张生一直希望照火能过上普通安稳的生活,他只能通过这些粗暴的手段将男孩身上的异质成分慢慢剥离,将照火变成了野孩子。在他看来,这总要比异质非人的神子,更融入周围的环境里,这会更安全,更不被人在乎察觉到他身上隐藏的秘密。
是的,张生一直都知道,照火身上有存在不能被触碰的秘密,他尽管不知道那是什麽秘密,但也想了一切能实现的办法将男孩遮掩保护起来。
他是隐形的守护者,是迷失的捍卫者,也是一道囚笼。
张生不提醒照火他头发乱了,也不帮他梳发,就是一种不照顾的照顾。
抓乱了,这样不等于白梳了吗?男孩心里会这麽想。但他确实不在乎这个,他不在乎自己是赤裸无衣,也不在乎自己黑发是完备齐丽,还是野性不羁。

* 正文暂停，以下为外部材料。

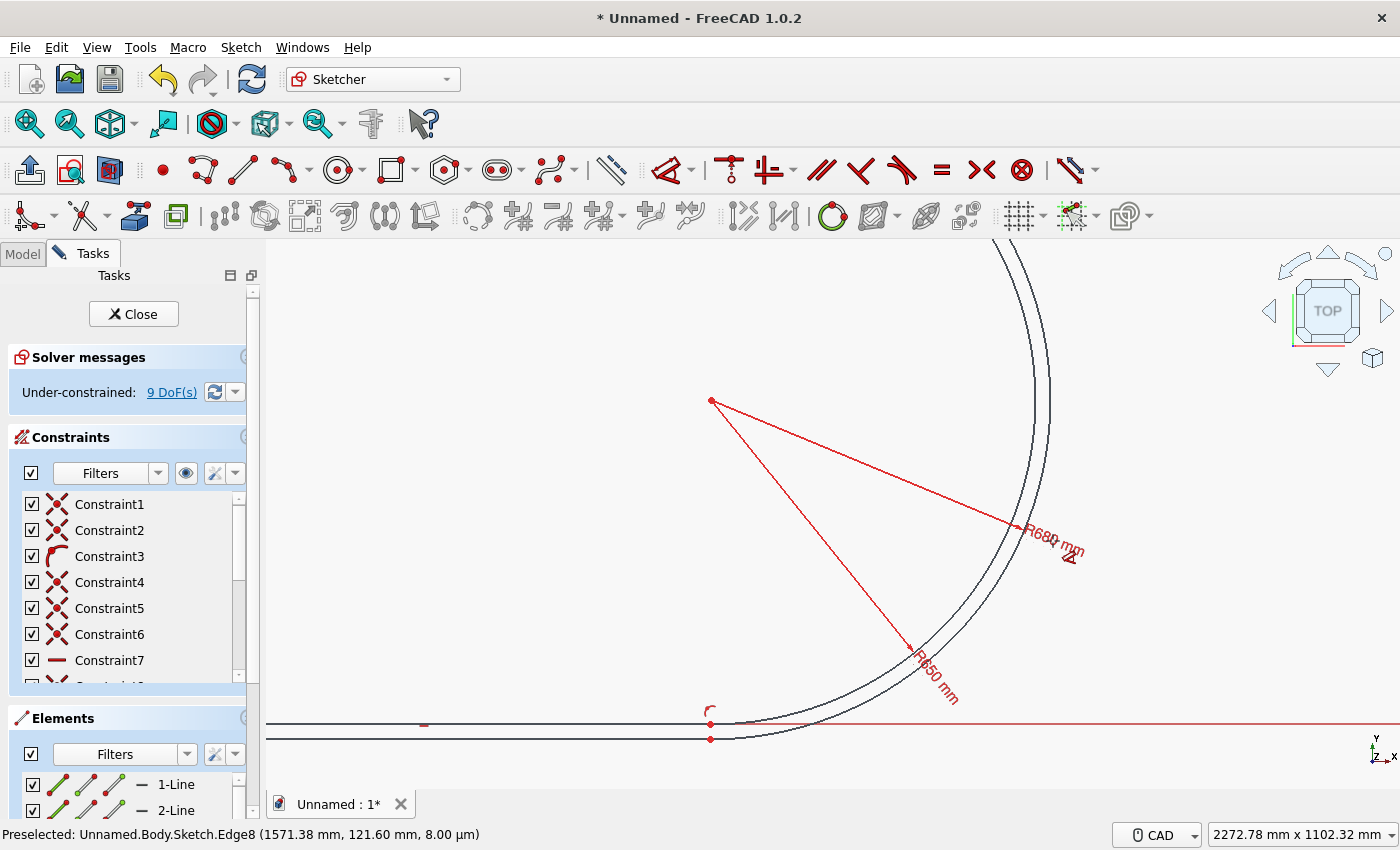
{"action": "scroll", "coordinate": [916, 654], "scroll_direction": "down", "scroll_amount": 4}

他只在乎能否有效实现自己的目的,梳子都让她上手梳了几遍了,还好男孩很年轻,不会轻易掉发。他想,祈霜心应该满意了吧。
少女满意了吗?
不,她没有。
她对男孩的喜爱,就是有着像小女生对可爱娃娃丶精致人偶那般的喜欢,这无限接近于一种微妙的宠爱,其实是有别于男女之情。
因为她是上位者,在年龄丶力量丶身份丶地位都是具有绝对优势的上位者,只要她愿意出手,就能将面前的「漂亮娃娃」摆弄成任何她想要的模样。
可就是这种不忍伤害的宠爱,让少女尊重男孩的想法与自由意志,让他保持一种会让她自身向往的独立坚韧。
如果照火真是一个甘愿被摆弄的人偶或者真是个玩物般的娃娃,她的喜爱可能就没这麽强烈了。太容易得到的东西,人就是会失去兴趣,人兴趣最旺盛丶最渴望的时候,就是将要得到之前,或者不能得到的时候。
祈霜心拿出了剑形耳饰,这可衬男孩眉眼英气。少女逆着晨光,眼眸亮起祈盼,白裙被春风拂动。
她的肌肤也变得愈发莹透,像浸了春晖的暖玉,褪去了往日几分清冽的霜气,泛着一层薄如蝉翼的柔光。
「照火...戴戴这个吧。」
如果拒绝她,说不定少女就会像琉璃般碎掉了。
「你弄吧。」
照火顺从了。
少女柔唇轻抿。
小手轻拿捏起男孩的冷丽耳珠。
将剑形耳饰通过耳夹全妥当的挂了上去。
祈霜心身着白裙逆着晨光,像春雪轻点梅枝般,满意地点了点头。
今天晨光春风里的照火像个女孩,有种无分性别的绮丽,少女会想,男孩要是长大了,这种绮丽说不定就会消失,他毕竟是男孩,只是年纪小,没有与异性进行显着的成长分化。等他长大了,也许就不会听从她的想法,再任由她打扮了,所以...在男孩长大之前,一定要...多丶多试试呢。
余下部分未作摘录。